When Martina’s brothers and uncles began receiving land grants she decided she too wanted her fair share. So in 1833 Martina was the first woman to ask for and receive a Spanish land grant. The Soquel Rancho was a tract of 1,668 acres, an expanse one-and-a-half miles wide and two miles long from Soquel Creek to Borregas Gulch. Later in 1844 she was granted an additional 32,702 acres which made her the largest land grant owner in the region extending her original grant to Loma Prieta.
Just when life seemed perfect the drama of the Gold Rush era and early Statehood woes came about. Her husband was murdered in the California gold fields, three of her children died in a typhoid epidemic and her Yankee and foreign sons-in-law pressured and sued her to divide her land. One of those son-in-laws was Thomas Fallon, husband of her daughter Carmel Castro.
Well, there’s no way to sugar coat this story. Martina was not a happy woman when her daughter married Fallon in 1849, a hotel and saddle-shop owner from Santa Cruz. She felt he was a scoundrel who was only marrying her for her money and land grants. I believe it was about this time the term “gold-digger” came about.
After the heartbreaking lawsuits with her mother, Carmel and Thomas received 3400 acres of land which they sold and then moved to San Jose. In 1959 Fallon would become the first Mayor of San Jose under US occupation. Then after 27 years of marriage Carmel returned home unexpectedly to find her husband in a compromising position with the maid. Busted.
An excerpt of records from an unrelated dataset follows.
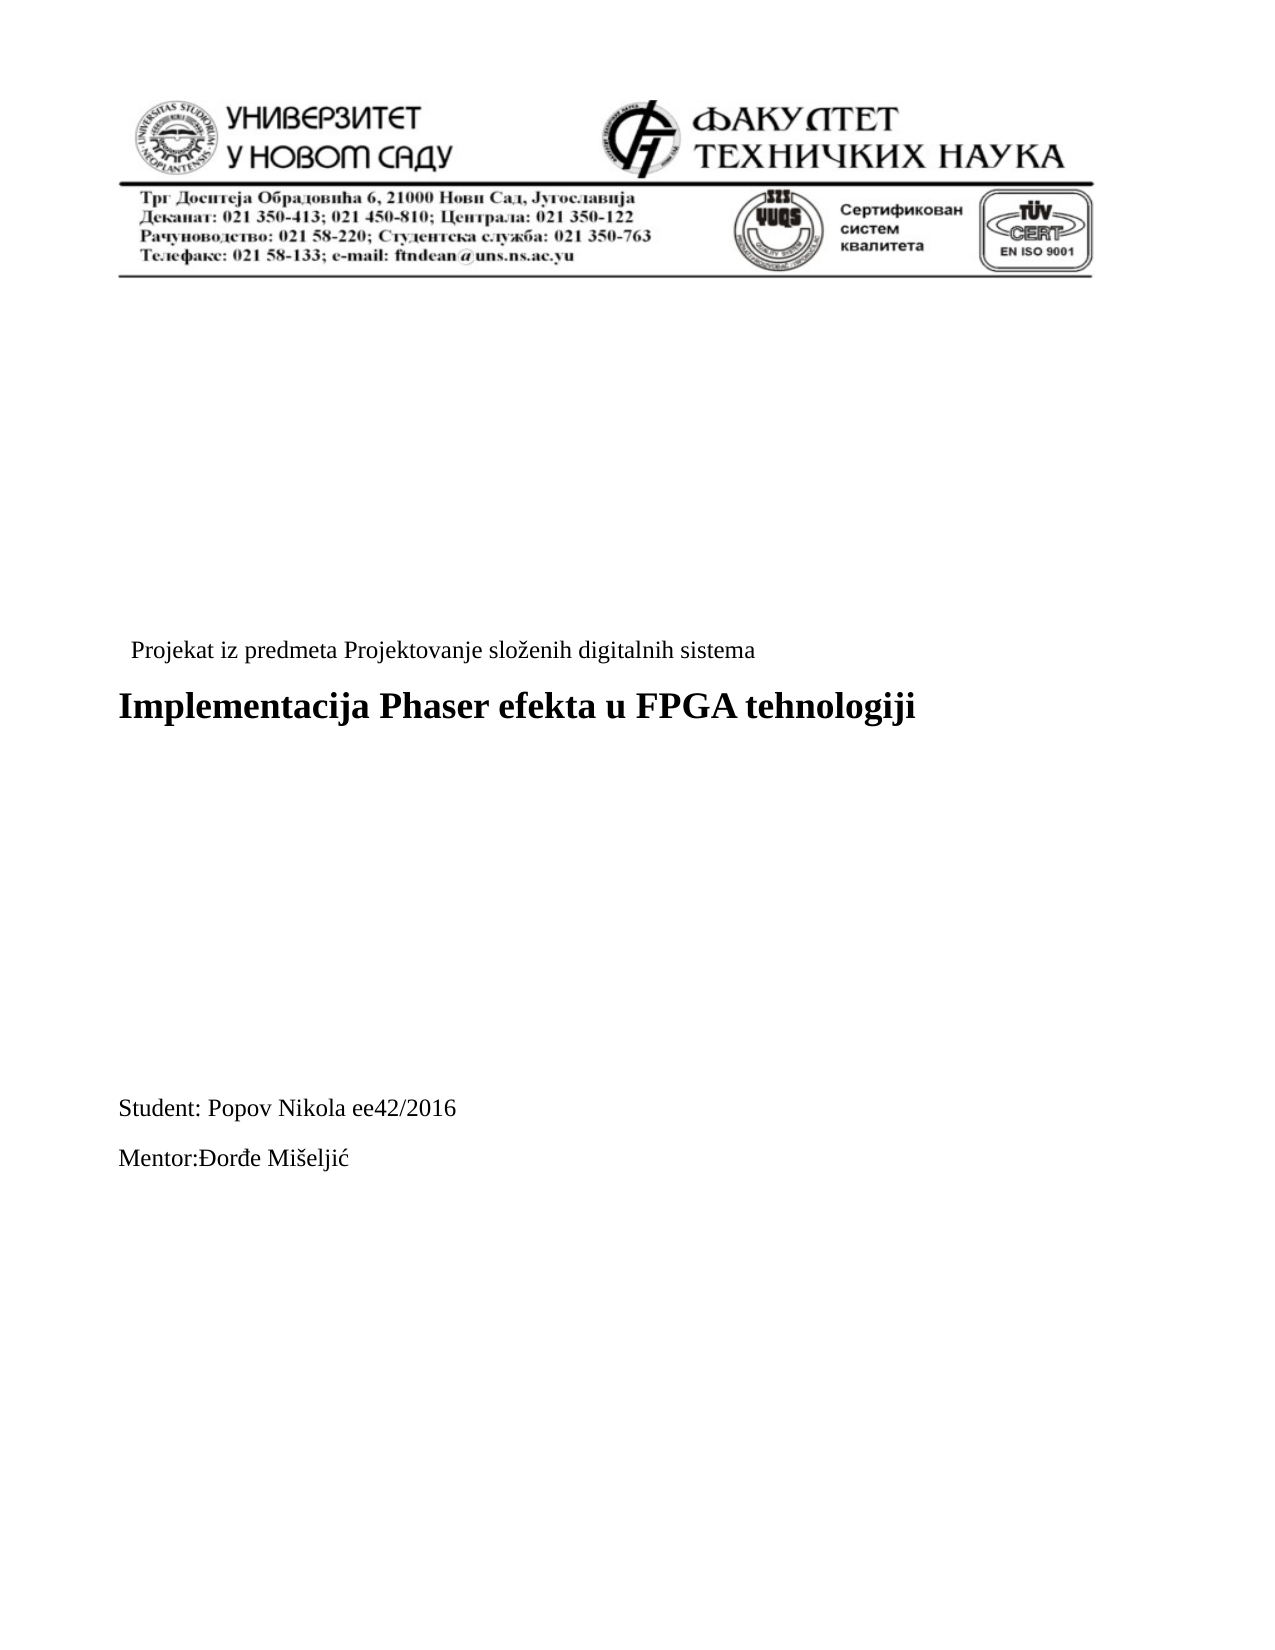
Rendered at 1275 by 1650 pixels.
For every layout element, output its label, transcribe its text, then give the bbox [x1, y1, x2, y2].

picture [118, 100, 1096, 279]
text Student: Popov Nikola ee42/2016 [118, 1093, 1157, 1122]
text Implementacija Phaser efekta u FPGA tehnologiji [118, 684, 1157, 727]
text Projekat iz predmeta Projektovanje složenih digitalnih sistema [118, 635, 1157, 663]
text Mentor:Đorđe Mišeljić [118, 1143, 1157, 1171]

She should have listened to her mother.
The loving duo where chased out of the house with a fireplace poker and the honeymoon was over. The next day Carmel packed up her bags and children and moved to San Francisco.
Castro Fallon Building
Carmel started over in San Francisco where she became a savvy business woman and real estate investor acquiring a tremendous amount of wealth. She built the Hotel Carmel, Fallon Hotel and 1800 Market Street. She later made a generous pledge to the San Francisco Opera House which bears a plaque with her name.
There is a lot more juicy tidbits and fascinating facts behind these two and I didn’t even mention the men in the Castro family who are equally as intriguing. But, I’m not writing a novel here so hopefully I have intrigued you enough to do a little archive searching on your own.